Data typeInput methodsExample prompt
TextSpeakUsing a complete date, such as January 1, 2001, please say your date of birth.
NumberDialpadUsing your dialpad, please enter the 9-digit number after S M, followed by the pound key.
Phone numberDialpadPlease use your dialpad to enter the 10-digit phone number associated with your account, followed by the pound key.
Yes or NoSpeakThe phone number you entered was 636-555-3226. Is that correct? Please say yes or no.

When callers are entering numbers into the dialpad, they can use the # key to indicate that they're done. Otherwise, your AI Agent assumes they're done five seconds after the last digit the caller entered.

Minimize pauses while your AI Agent performs backend actions

Some blocks, such as the HTTP Request and Set Variable blocks, as well as any Action blocks, perform backend actions that take some time to complete. In some cases, this can cause pauses while Ada is performing that action, during which a caller might wonder if your AI Agent had heard the last thing they said or become frustrated.

There are some things your AI Agent does to minimize silence. Approximately two seconds after the caller speaks, if your AI Agent needs more time to process, it plays one of a variety of messages like "okay" or "one moment" to fill the silence. If required, it plays additional similar messages every five seconds, to reassure the caller that the call is still active, until it has a response ready. However, there are some best practices you can follow to further minimize processing interruptions:

  • Immediately before blocks that perform backend actions, place one or more Speak blocks. That way, the backend actions can start processing while your AI Agent reads the content in your Speak blocks, so the caller doesn't have to wait as long to get a response.

  • If you have a Capture block followed by multiple blocks that perform backend actions, put a Speak block directly after the Capture block to give your AI Agent some more time to process.

  • If you can't avoid a long pause (for example, if you know the API call in your HTTP Request block normally takes a long time, or if you have multiple blocks with backend actions in a row), create more of a buffer with longer spoken messages like "I understand that you want to find out the balance for your Platinum Reward credit card. I can help with that."

With these strategies, you can fine-tune your AI Agent make conversations that contain even complicated technical actions feel smooth and effortless for your callers.

Transfer phone calls

With the Transfer Call block, you can transfer the caller to a different phone number or SIP address. Most of the time, this means handing off the call to a human agent.

Note that the call transfer takes place when the handoff gets to the Transfer Phone Call block, so if you have any blocks below it, your AI Agent won't serve them to callers.

  1. On the Ada dashboard, go to AI Agent profile > Handoff.

  2. Open the handoff situation you want to put a call transfer in, then click the Voice tab.

  3. Drag and drop a Transfer Call block into the bottom of the content editor.

  4. Under Phone Number or SIP address, enter the phone number or SIP address, or insert the variable containing the phone number or full SIP address that you want to transfer the call to.

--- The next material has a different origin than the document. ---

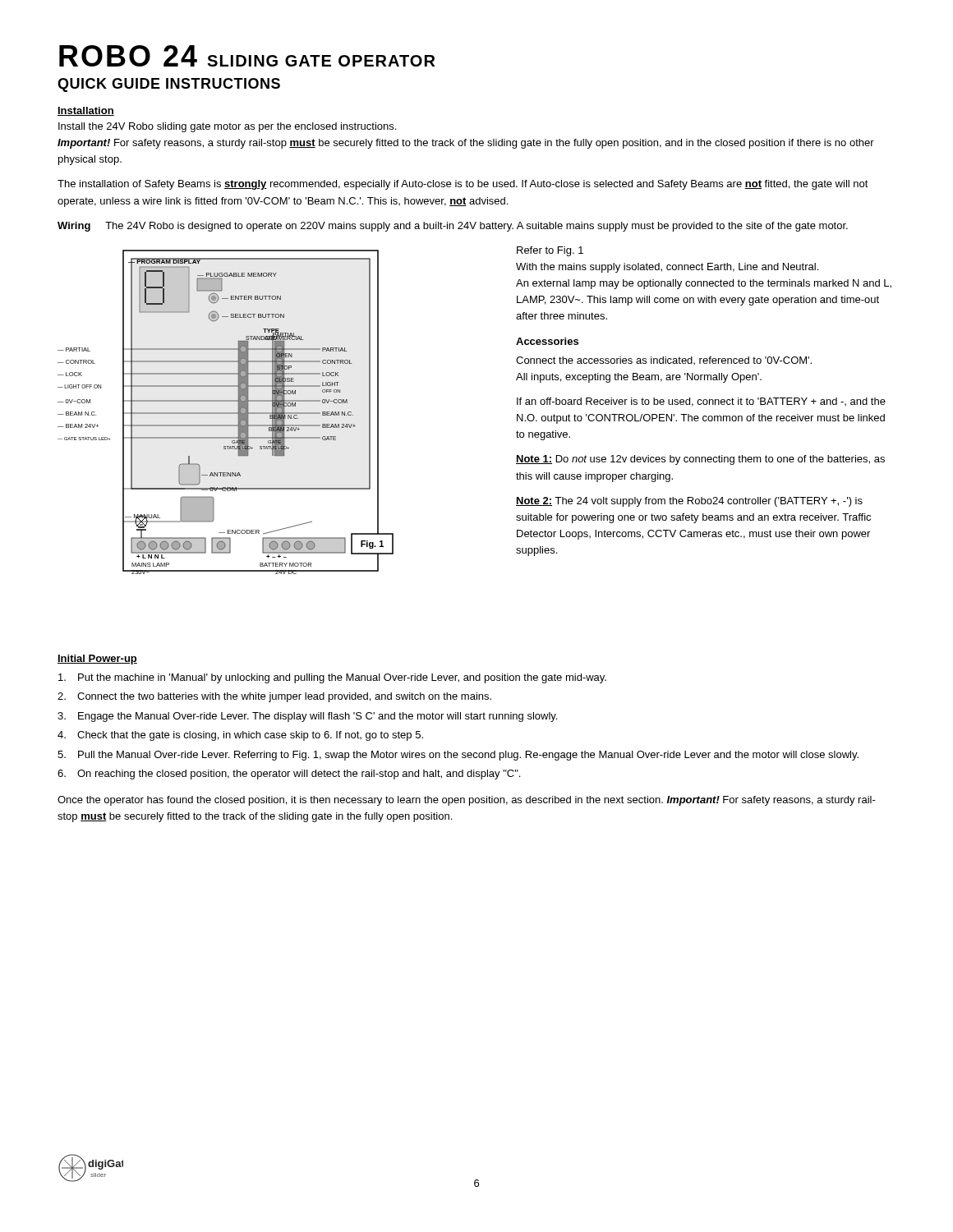Locate the block of text that opens with "The installation of Safety Beams is strongly recommended,"
The width and height of the screenshot is (953, 1232).
click(463, 192)

  5. If you entered a SIP address, the Include a User-to-User header when transferring to the SIP address checkbox appears. You can select it to provide additional information with the SIP transfer, so the human agent receiving the call has additional context, or to use when you're routing the call to the appropriate department or group.

    • In the Key fields that appear, enter names for the data fields you create.
    • In the Value fields, insert variables to dynamically insert information about the caller.
    • Click Add another row to add more key,value pairs to the transfer, or hover over a pair and click Delete to remove it.
    note

    The user-to-user header that contains these key,value pairs shouldn't exceed 400 characters.

End phone calls

The End Phone Call block is a simple one - if you put it into an Answer, it disconnects the call. Generally, it's a good idea to let the caller be the one to end the call, but this block can be helpful at the end of your content if you confirm with the caller that they don't need any further assistance.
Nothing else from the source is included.